MoE upcycling serves as a "free lunch," cheaply scaling up the capacity of already-fine-tuned models to match or exceed larger dense models.

Highlights & Insights¶

This work is the first to establish a systematic scaling power law for diffusion models on perceptual tasks, providing compute-optimal guidance.
The validation of "test-time compute scaling" in visual perception is a key contribution, suggesting that diffusion models are not just generative tools, but also a general-purpose "iterative compute" paradigm.
Achieving competitive performance with far less data than prior SOTA highlights the high impact of proper scaling strategies.
The analysis of the trade-off between training and inference compute offers highly practical guidance.

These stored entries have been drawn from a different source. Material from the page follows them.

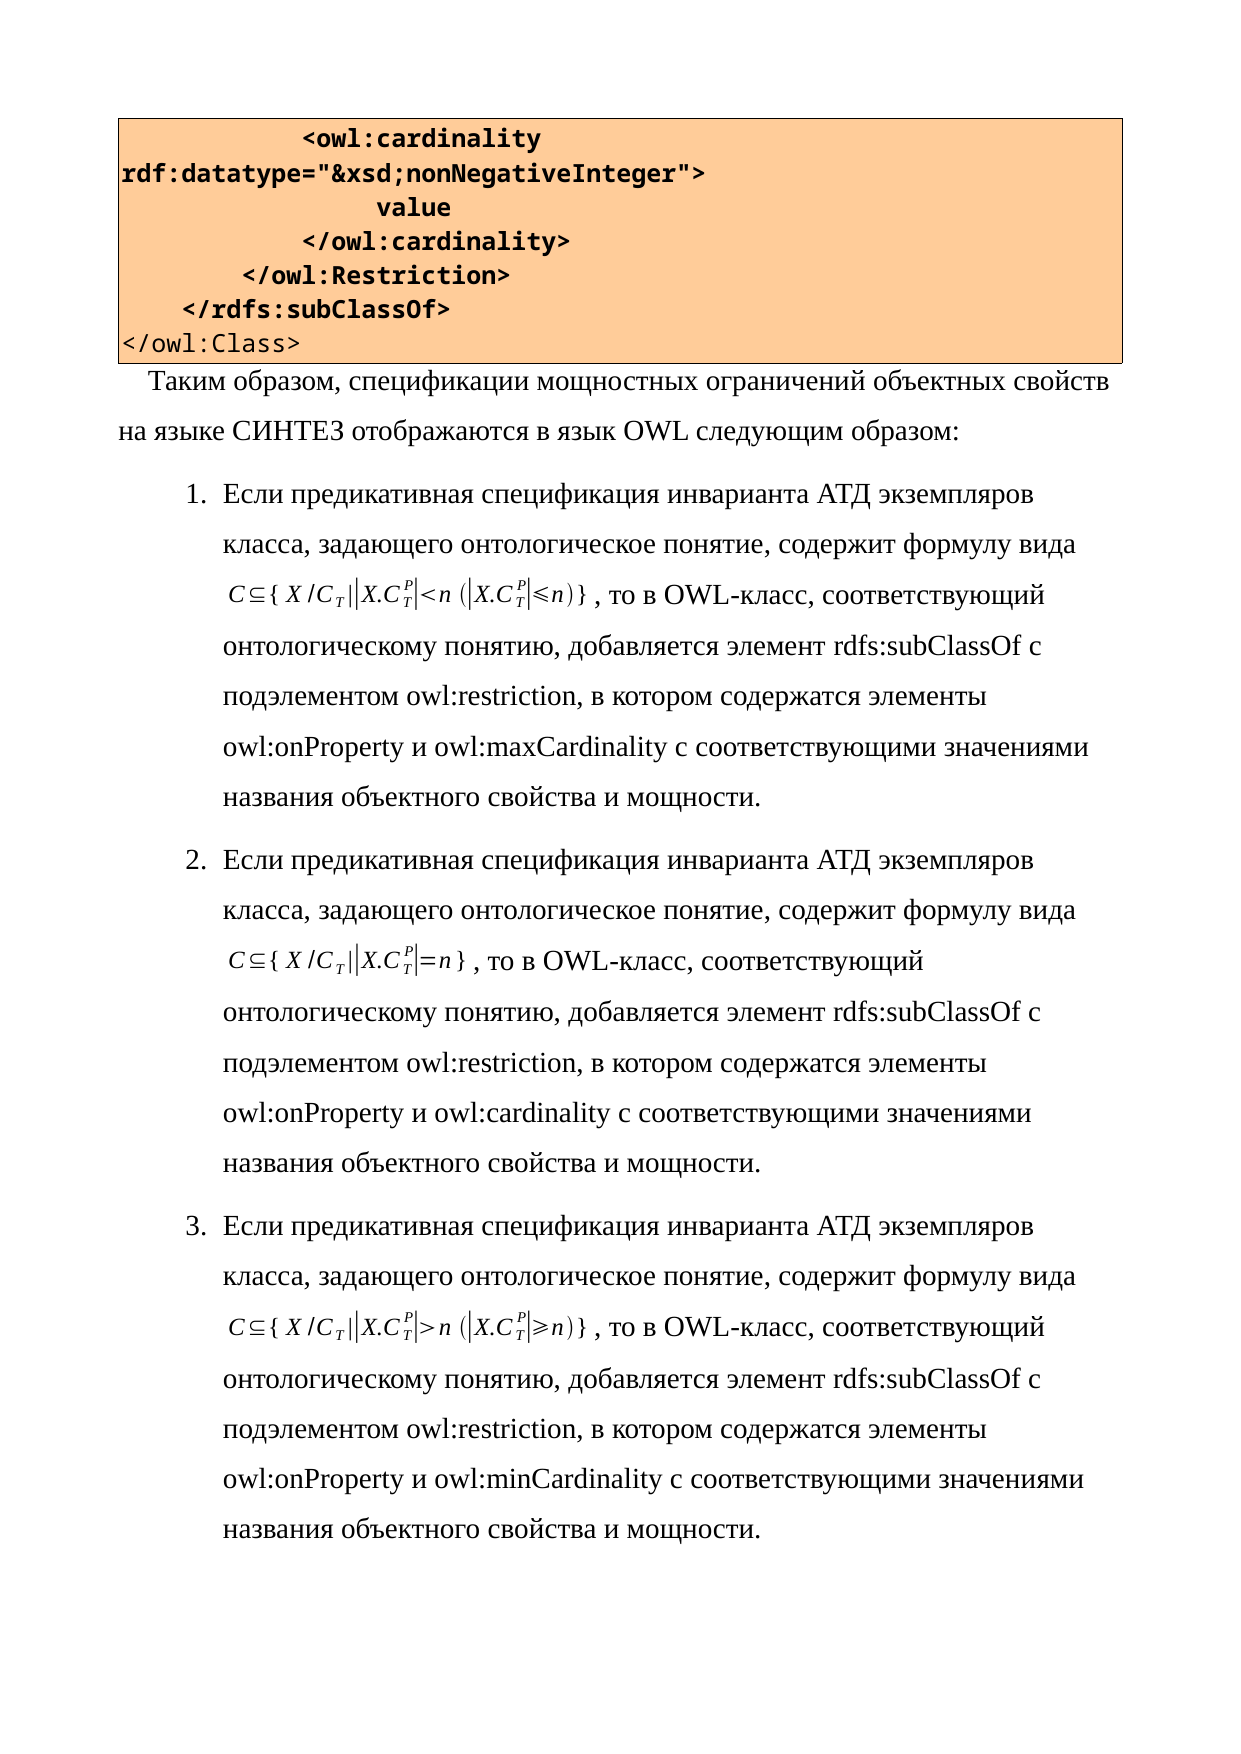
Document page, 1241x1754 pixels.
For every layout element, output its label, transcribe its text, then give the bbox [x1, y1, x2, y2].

list Если предикативная спецификация инварианта АТД экземпляров класса, задающего онтологическое понятие, содержит формулу вида , то в OWL-класс, соответствующий онтологическому понятию, добавляется элемент rdfs:subClassOf с подэлементом owl:restriction, в котором содержатся элементы owl:onProperty и owl:maxCardinality с соответствующими значениями названия объектного свойства и мощности. [185, 476, 1122, 813]
text <owl:cardinality rdf:datatype="&xsd;nonNegativeInteger"> value </owl:cardinality> </owl:Restriction> </rdfs:subClassOf> </owl:Class> [119, 119, 1122, 363]
text Таким образом, спецификации мощностных ограничений объектных свойств на языке СИНТЕЗ отображаются в язык OWL следующим образом: [118, 364, 1122, 446]
list Если предикативная спецификация инварианта АТД экземпляров класса, задающего онтологическое понятие, содержит формулу вида , то в OWL-класс, соответствующий онтологическому понятию, добавляется элемент rdfs:subClassOf с подэлементом owl:restriction, в котором содержатся элементы owl:onProperty и owl:сardinality с соответствующими значениями названия объектного свойства и мощности. [185, 842, 1122, 1179]
list Если предикативная спецификация инварианта АТД экземпляров класса, задающего онтологическое понятие, содержит формулу вида , то в OWL-класс, соответствующий онтологическому понятию, добавляется элемент rdfs:subClassOf с подэлементом owl:restriction, в котором содержатся элементы owl:onProperty и owl:minCardinality с соответствующими значениями названия объектного свойства и мощности. [185, 1208, 1122, 1545]

Limitations & Future Work¶

Perceptual performance still has room for improvement; specifically, there remains a gap between this method and specialized models in optical flow and amodal segmentation.
Inference speed remains a deployment bottleneck, as 100 DDIM steps combined with multiple ensemble runs require heavy computation.
The current scaling laws are established on ImageNet-1K, and their transferability to larger-scale datasets remains to be thoroughly validated.
Future work could explore consistency distillation to reduce inference steps, as well as validation on a broader range of perceptual tasks.

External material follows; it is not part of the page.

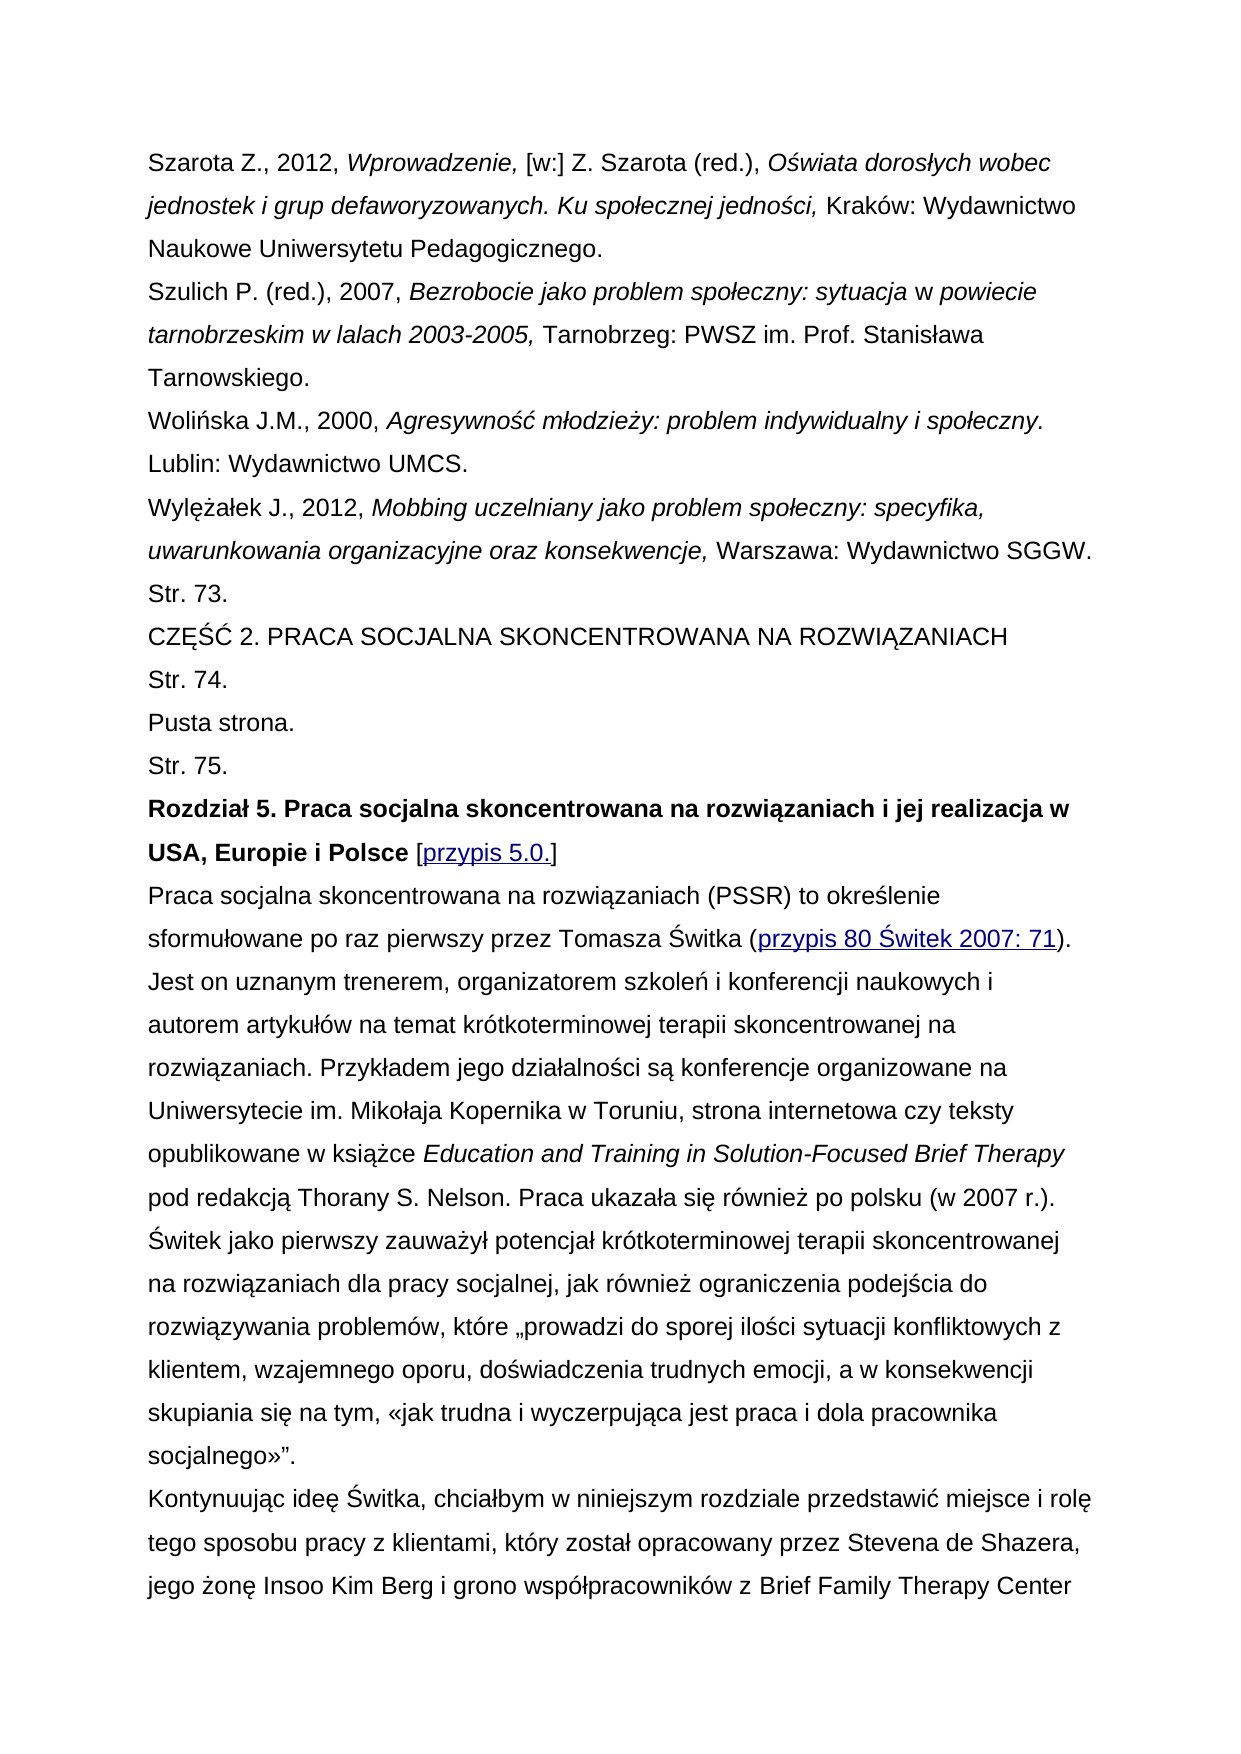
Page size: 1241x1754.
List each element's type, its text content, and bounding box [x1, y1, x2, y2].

Relationship with Marigold: This paper serves as a "scaled and generalized" version of Marigold, unifying multi-task execution and systematically studying scaling.
Relationship with DiT: It utilizes standard DiT architectures and scaling methodologies, generalizing from generative modeling to perceptual tasks.
Inspiration: The "thinking during inference" phase of diffusion models is analogous to the chain-of-thought in LLMs—more steps lead to deeper reasoning.

Rating¶

Novelty: ⭐⭐⭐⭐ — While the individual components are not fundamentally new, the systematic scaling analysis and the test-time scaling perspective are highly valuable.
Experimental Thoroughness: ⭐⭐⭐⭐⭐ — The scale of multi-dimensional scaling experiments is massive, with comprehensive validation across three distinct tasks.
Writing Quality: ⭐⭐⭐⭐ — The structure is clear, and the power-law fitting results are presented intuitively.
Value: ⭐⭐⭐⭐ — It provides key practical guidance for applying diffusion models to perceptual downstream tasks.